Я поинтересовался, давно ли они на атасе, когда смена караула? Димка перевел. Они засмеялись. Дежурят уже пятьдесят лет (сегодня юбилей), сколько осталось — сказать затрудняются.


А в Москве жизнь продолжалась: меня переводили, ставили в кино, на театре… От сына я отвлекся.

Незаметно подошел ему срок идти в армию.

— Просись в десант! — орал я по телефону. — Сейчас у вас затишок, арабы угомонились, вернешься — станешь дипломатом, разведчиком, писателем, как Лоуренс Аравийский…

Однако сынок тятю не услышал: сыграл малохольного, обманул медкомиссию и определился в каптеры танковой базы, что в центре пустыни Негев. Как же, думаю, ты там три года отдежуришь в жаре, в безделье? А впрочем, чем плохо: солдат спит, служба идет. Димка обложился художественной литературой и читал взахлеб. Я угомонился: тоже в стройбате всю библиотеку перечел.

Но через полтора года Димка взвыл: больше не могу, помоги! Я припомнил свой стройбат, испугался и понесся в Израиль извлекать замученное дитя из армии.

Местные, друзья и просто смышленые люди, недоумевали: что за шустрость не по разуму? Дедовщины в еврейской армии нет, кормежка прекрасная, увольнение каждый уикенд. Случился, правда, как-то один удалец из русских — застариковал, но ему впаяли пять лет тюрьмы, и все остались довольны.

Израиль хоть и находится почти в Африке, ведут себя там евреи по-европейски — долго переубеждать меня не стали. Дали советы, придали молодую даму — театрального режиссера с хорошим ивритом и свободным временем. Напоследок еще раз предупредили: дело безнадежное, у нас из армии просто так не отпускают, у нас служить — почетно.

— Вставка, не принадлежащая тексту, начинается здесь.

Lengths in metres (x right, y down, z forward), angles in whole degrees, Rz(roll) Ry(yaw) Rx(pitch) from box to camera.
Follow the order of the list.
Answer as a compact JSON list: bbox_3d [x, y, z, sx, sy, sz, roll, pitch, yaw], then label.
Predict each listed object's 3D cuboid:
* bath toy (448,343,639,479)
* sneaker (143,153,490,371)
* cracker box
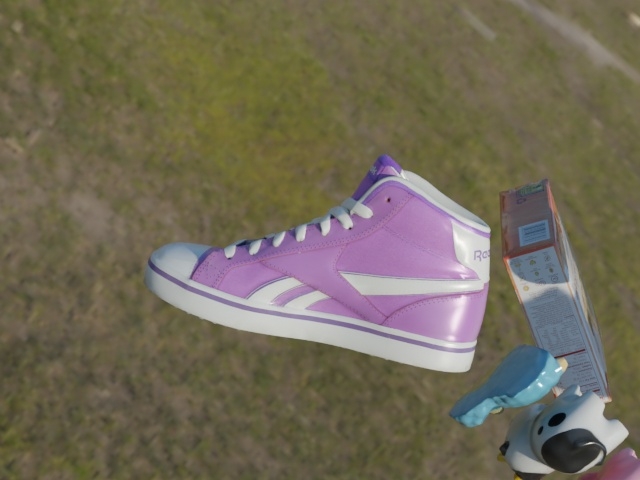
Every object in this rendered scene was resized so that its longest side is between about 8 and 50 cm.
[{"bbox_3d":[0.298,0.275,1.491,0.348,0.129,0.151,47,-7,-3],"label":"bath toy"},{"bbox_3d":[0.000,0.000,1.132,0.282,0.161,0.102,10,12,5],"label":"sneaker"},{"bbox_3d":[0.277,0.065,1.632,0.156,0.067,0.232,-81,152,-59],"label":"cracker box"}]
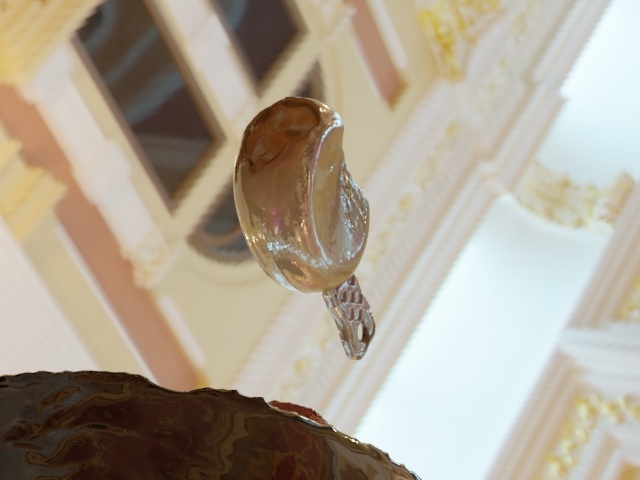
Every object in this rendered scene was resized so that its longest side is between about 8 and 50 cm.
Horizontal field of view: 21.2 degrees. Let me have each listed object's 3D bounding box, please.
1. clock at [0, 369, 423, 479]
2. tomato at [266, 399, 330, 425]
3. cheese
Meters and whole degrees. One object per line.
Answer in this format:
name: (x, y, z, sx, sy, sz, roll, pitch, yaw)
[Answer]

Димка пришел в увольнение смурной, погашенный: в армию не вернусь, лучше — в тюрьму. Я велел: тихо будь, забейся в щель. А сам прикинул: на худой конец станет дезертиром. Сколько за это дадут? Год, два?.. Не сахар, конечно, но терпимо, у евреев тюрьма не нашей чета… Чем полтора года еще в пустыне без толку париться, лучше — столько же в неволе отторчать. Жизненный опыт, литературный материал. Папаша на Пятницком кладбище карьеру начал, сынок — в израильской военной тюрьме.

Пустыня Негев летом — ад кромешный. Как здесь Иоанн Креститель босиком шастал — непостижимо: под ногами красный раскаленный дробленый камень. С полковым психологом я встретился в кафе неподалеку от базы. Психолог оказался миниатюрной тонкокостной красавицей с палевой, нежнейшей выделки лайковой кожей, чуть подернутой прозрачным пушком возле ушей, лейтенантом по званию. Первый вопрос: «Где Дима?»